Chanel's world-wide reputation cannot conceal the entirely
family-owned structure of its capital, which, as far as
perfumes are concerned, has been held by the Wertheimer
family since 1924. The group is not quoted on the stock
exchange and is usually most reticent about its figures.
With Chanel No.5, No.19, Coco, Cristalle, Egoïste,
the group, which also owns Ungaro perfumes, is ranked sixth
in the world and fourth in France after L'Oréal, LVMH and
Elf-Aquitaine.
For many years the company was closely linked with the
personality of its founder, Coco Chanel;
today, it is a major international group. Its American
subsidiary and, more particularly, its chairman Alain
Wertheimer, has just bought up a leading Bordeaux wine,
Château Rausan-Ségla, a Margaux deuxième cru classé. The
start, perhaps, of a policy of diversification in
perfume for women ...
Christian Dior - is more than a trademark, it is a legend.

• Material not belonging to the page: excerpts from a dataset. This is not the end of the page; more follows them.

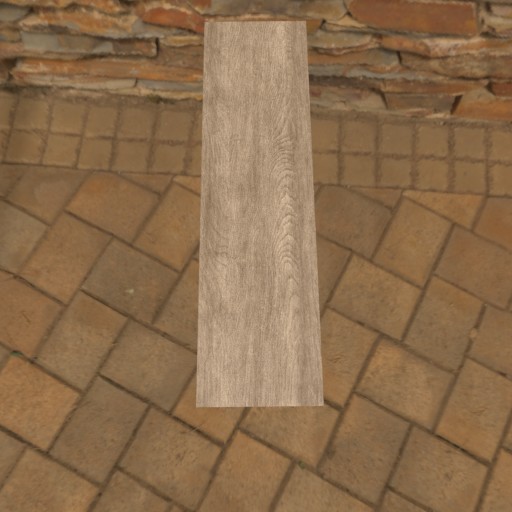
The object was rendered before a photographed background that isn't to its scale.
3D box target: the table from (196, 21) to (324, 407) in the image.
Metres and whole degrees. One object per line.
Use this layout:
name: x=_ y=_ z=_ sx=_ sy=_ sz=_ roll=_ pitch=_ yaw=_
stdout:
table: x=0.000 y=0.000 z=1.531 sx=0.256 sy=1.135 sz=0.902 roll=-1 pitch=76 yaw=0
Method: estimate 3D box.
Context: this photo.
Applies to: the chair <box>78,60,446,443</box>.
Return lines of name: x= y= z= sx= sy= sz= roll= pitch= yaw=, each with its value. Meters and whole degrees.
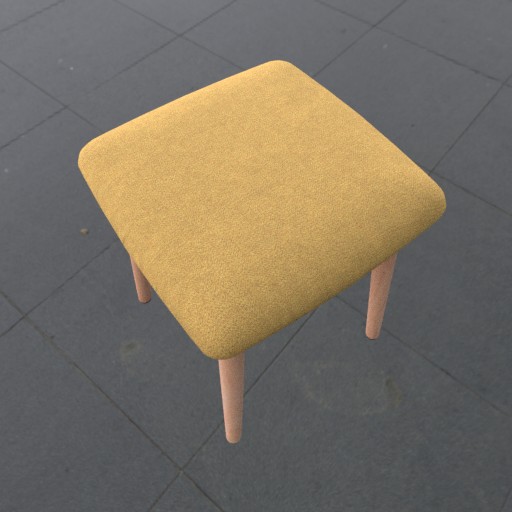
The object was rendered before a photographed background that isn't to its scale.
chair: x=0.000 y=0.000 z=0.690 sx=0.350 sy=0.440 sz=0.350 roll=-31 pitch=63 yaw=-18
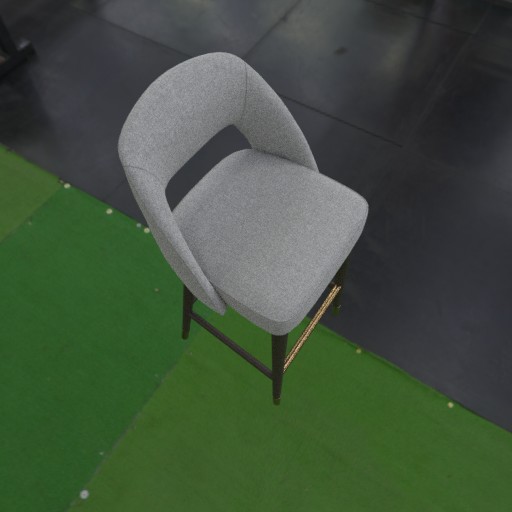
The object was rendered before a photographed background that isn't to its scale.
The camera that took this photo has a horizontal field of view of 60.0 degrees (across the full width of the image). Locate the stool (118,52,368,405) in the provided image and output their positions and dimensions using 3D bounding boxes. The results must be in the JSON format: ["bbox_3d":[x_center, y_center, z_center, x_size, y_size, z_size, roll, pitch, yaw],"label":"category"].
[{"bbox_3d":[0.000,0.000,1.319,0.509,1.037,0.494,31,65,17],"label":"stool"}]
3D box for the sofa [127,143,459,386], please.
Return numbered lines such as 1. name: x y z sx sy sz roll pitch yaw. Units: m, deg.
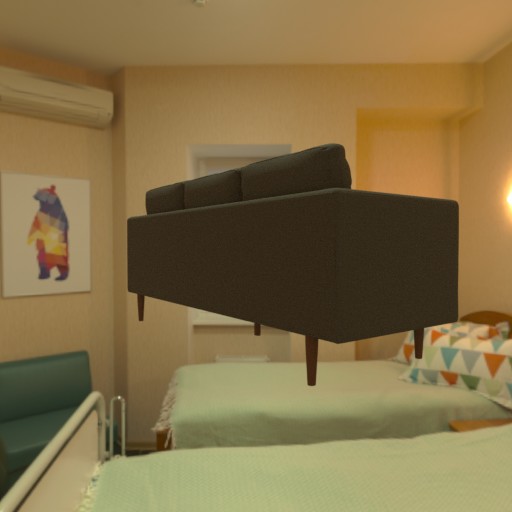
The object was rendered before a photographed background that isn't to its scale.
1. sofa: 0.000 0.000 2.534 0.802 0.912 2.029 -1 2 -36
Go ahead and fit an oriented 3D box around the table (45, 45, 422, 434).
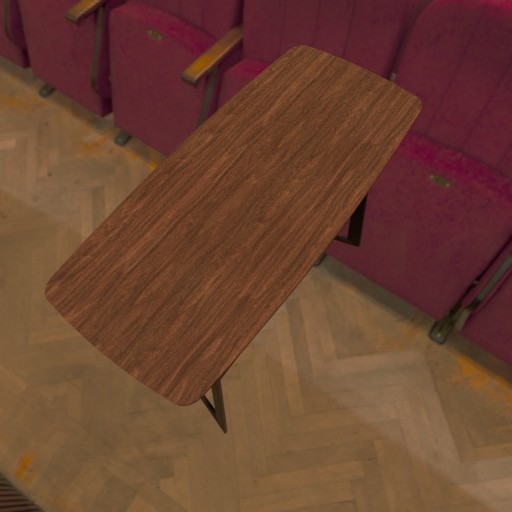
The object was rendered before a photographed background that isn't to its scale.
[{"bbox_3d":[0.000,0.000,1.093,0.361,0.576,0.804,33,67,16],"label":"table"}]
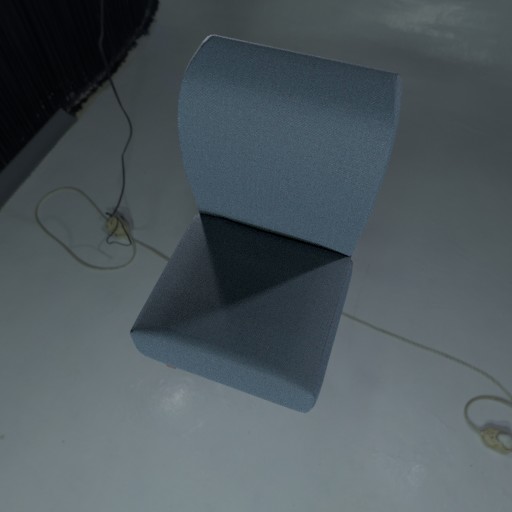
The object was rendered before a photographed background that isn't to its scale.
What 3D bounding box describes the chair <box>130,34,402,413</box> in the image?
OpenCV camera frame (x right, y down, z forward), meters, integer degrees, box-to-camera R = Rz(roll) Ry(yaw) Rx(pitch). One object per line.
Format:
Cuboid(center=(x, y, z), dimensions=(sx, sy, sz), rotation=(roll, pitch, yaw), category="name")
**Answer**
Cuboid(center=(0.000, 0.000, 1.156), dimensions=(0.513, 0.804, 0.592), rotation=(16, 59, 10), category="chair")

Founded in 1947, the House at 30, Avenue Montaigne, near the
Champs-Elysées, rhymes with the unavoidable new look and the
image of the eternal Parisian woman with her fine shoulders
and narrow waist. In the space of ten years, from 1947 to
1957 (the date of his death), Christian Dior
succeeded in creating a fashion house whose name is famous
the world over. He was a pioneer inasmuch as he was the
first to develop "licences" for stockings, cosmetics,
womens perfume and all accessories, a policy that has
been much imitated since.
The "CD" set within a Louis XVI style medallion is more
than a trademark, it is a legend. The House of Dior was
bought up in 1987; today, it belongs to the world's leading
manufacturer of luxury goods, the Louis-Vuitton-Moët-Hennessy
Group. The artistic directorship of the fashion and
fragrance house is now in the hands of the Italian
Gianfranco Ferré for whom "Dior is the Watteau of couturiers,
full of nuances, delicate and chic. Being Italian in a house
of French tradition is to participate ahead of one's time in
the Europe of 1992."
Hence, the loyalty displayed by this Pavarotti of the
fashion world to a savoir faire guaranteed by the Dior
workshops, from suits with sable piping to sumptuous gala
gowns that afford a sense of structure to romantic dreams.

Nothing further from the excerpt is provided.